▶ _EXERCISE DATA_

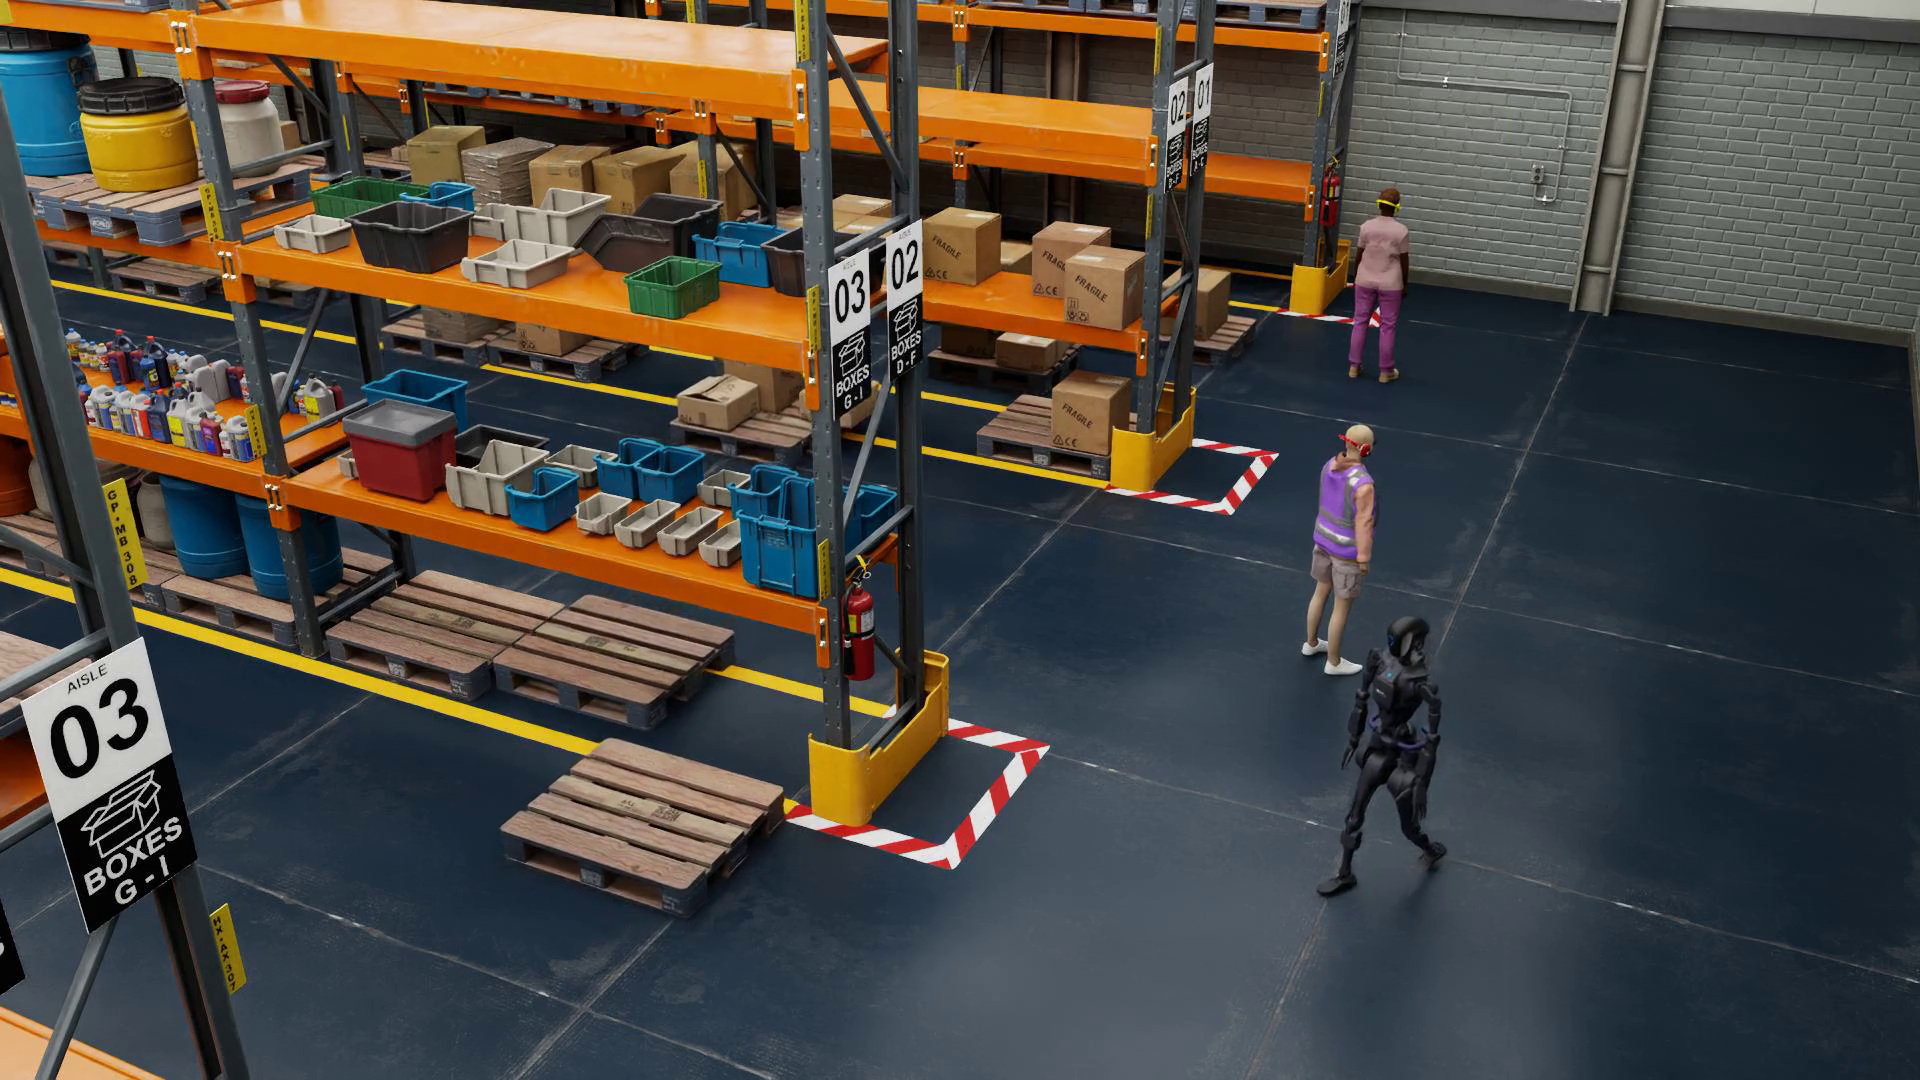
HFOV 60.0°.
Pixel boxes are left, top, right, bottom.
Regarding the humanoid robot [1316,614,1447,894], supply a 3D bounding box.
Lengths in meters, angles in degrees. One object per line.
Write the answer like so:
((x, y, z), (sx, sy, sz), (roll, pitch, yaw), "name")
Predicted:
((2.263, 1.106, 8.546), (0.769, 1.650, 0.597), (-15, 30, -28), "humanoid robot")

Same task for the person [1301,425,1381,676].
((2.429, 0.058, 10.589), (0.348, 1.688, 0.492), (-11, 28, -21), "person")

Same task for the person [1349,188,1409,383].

▶ _TO DO_
Your answer must be an exact transcription of every entry, minus the pictures.

▶ _COMPLETED TASK_
HFOV 60.0°.
Pixel boxes are left, top, right, bottom.
Regarding the humanoid robot [1316,614,1447,894], supply a 3D bounding box.
Lengths in meters, angles in degrees. One object per line.
Write the answer like so:
((x, y, z), (sx, sy, sz), (roll, pitch, yaw), "name")
Predicted:
((2.263, 1.106, 8.546), (0.769, 1.650, 0.597), (-15, 30, -28), "humanoid robot")

Same task for the person [1301,425,1381,676].
((2.429, 0.058, 10.589), (0.348, 1.688, 0.492), (-11, 28, -21), "person")

Same task for the person [1349,188,1409,383].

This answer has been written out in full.